The islands in the group have been declared Special Nature Reserves under the South African Environmental Management: Protected Areas Act, No. 57 of 2003, and activities on the islands are therefore restricted to research and conservation management. Further protection was granted when the area was declared a "Marine Protected Area" in 2013. The only human inhabitants of the islands are the staff of a meteorological and biological research station run by the South African National Antarctic Programme on Marion Island.
The islands were discovered on 4 March 1663 by Barent Barentszoon Lam of the Dutch East India Company ship Maerseveen and were named Dina (Prince Edward) and Maerseveen (Marion), but the islands were erroneously recorded to be at 41° South, and neither were found again by subsequent Dutch sailors. In January 1772, the French frigate Le Mascarin, captained by Marc-Joseph Marion du Fresne, visited the islands and spent five days trying to land, thinking they had found Antarctica (then not yet proven to exist). Marion named the islands Terre de l'Espérance (Marion) and Ile de la Caverne (Pr. Edward). After failing to land, Le Mascarin continued eastward, discovering the Crozet Islands and landing at New Zealand, where Marion du Fresne and some of his crew were killed by natives.

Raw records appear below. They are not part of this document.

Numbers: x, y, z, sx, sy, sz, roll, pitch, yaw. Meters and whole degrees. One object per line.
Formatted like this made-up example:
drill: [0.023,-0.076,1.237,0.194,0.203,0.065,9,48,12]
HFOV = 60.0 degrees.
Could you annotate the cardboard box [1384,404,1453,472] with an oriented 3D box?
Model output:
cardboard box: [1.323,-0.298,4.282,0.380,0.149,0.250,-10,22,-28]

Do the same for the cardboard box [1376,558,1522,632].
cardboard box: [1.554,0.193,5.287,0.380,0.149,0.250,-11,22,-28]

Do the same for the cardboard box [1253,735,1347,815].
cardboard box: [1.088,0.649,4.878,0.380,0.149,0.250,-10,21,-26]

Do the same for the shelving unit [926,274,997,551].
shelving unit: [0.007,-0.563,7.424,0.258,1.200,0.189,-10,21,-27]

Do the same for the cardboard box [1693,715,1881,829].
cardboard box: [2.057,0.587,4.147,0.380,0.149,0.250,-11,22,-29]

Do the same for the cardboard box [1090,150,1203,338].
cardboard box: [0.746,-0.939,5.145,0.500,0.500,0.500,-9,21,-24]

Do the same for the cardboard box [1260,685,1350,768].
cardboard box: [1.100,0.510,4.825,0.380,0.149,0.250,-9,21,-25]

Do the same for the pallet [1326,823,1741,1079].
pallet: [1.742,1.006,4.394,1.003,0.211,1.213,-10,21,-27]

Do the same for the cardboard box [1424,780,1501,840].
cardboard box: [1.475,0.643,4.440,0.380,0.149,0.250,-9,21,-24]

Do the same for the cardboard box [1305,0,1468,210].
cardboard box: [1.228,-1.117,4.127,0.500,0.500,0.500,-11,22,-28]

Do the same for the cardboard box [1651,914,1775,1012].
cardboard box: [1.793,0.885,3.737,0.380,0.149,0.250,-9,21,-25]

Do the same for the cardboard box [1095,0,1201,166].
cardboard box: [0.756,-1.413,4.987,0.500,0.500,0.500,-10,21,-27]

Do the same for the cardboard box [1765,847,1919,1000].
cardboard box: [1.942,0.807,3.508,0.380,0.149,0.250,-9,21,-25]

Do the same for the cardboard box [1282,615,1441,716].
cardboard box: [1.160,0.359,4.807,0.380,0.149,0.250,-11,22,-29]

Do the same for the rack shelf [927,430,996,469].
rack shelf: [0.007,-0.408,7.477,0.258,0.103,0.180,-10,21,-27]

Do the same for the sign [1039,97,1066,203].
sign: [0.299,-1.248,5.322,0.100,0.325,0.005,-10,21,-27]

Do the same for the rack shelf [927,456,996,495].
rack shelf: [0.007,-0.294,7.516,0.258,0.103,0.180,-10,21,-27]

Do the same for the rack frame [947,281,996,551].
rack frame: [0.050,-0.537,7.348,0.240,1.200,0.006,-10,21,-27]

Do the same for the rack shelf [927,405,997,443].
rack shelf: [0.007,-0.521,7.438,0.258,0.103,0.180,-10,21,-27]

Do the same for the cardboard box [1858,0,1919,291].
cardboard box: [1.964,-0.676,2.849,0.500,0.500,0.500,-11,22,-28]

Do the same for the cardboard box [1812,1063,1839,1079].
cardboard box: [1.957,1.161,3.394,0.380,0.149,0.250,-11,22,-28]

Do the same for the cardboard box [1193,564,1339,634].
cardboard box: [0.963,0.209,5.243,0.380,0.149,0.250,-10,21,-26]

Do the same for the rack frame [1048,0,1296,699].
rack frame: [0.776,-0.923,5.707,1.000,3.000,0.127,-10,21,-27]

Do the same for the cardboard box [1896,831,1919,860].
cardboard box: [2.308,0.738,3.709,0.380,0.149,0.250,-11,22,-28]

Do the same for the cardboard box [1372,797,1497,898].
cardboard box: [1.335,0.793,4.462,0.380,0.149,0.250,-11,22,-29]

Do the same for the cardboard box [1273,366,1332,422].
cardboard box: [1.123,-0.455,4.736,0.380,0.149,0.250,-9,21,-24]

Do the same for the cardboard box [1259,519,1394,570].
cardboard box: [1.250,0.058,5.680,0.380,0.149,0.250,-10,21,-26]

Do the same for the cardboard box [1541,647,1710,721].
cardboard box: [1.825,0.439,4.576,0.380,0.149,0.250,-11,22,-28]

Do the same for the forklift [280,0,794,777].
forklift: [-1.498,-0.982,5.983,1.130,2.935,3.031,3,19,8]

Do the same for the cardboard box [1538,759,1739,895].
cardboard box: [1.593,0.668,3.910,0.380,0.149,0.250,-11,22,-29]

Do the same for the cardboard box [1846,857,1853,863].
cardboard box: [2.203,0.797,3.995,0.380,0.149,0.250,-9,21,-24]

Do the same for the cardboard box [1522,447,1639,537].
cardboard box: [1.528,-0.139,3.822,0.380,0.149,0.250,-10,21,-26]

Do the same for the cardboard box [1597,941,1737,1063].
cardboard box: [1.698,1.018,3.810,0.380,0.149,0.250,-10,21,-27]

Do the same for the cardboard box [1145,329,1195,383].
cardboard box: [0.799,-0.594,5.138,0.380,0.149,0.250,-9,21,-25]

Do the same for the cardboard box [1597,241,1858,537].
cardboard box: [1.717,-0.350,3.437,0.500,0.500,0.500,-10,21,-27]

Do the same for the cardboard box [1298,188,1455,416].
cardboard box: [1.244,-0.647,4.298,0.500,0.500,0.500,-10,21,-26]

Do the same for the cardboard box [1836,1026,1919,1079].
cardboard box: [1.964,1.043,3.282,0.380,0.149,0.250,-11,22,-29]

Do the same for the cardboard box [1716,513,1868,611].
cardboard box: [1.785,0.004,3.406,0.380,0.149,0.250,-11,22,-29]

Julien Crozet, navigator and second in command of Le Mascarin, survived the disaster, and happened to meet James Cook at Cape Town in 1776, at the onset of Cook's third voyage. Crozet shared the charts of his ill-fated expedition, and as Cook sailed from Cape Town, he passed the islands on 13 December, but was unable to attempt a landing due to bad weather. Cook named the islands after Prince Edward, the fourth son of King George III; and though he is also often credited with naming the larger island Marion, after Captain Marion, this name was adopted by sealers and whalers who later hunted the area, to distinguish the two islands.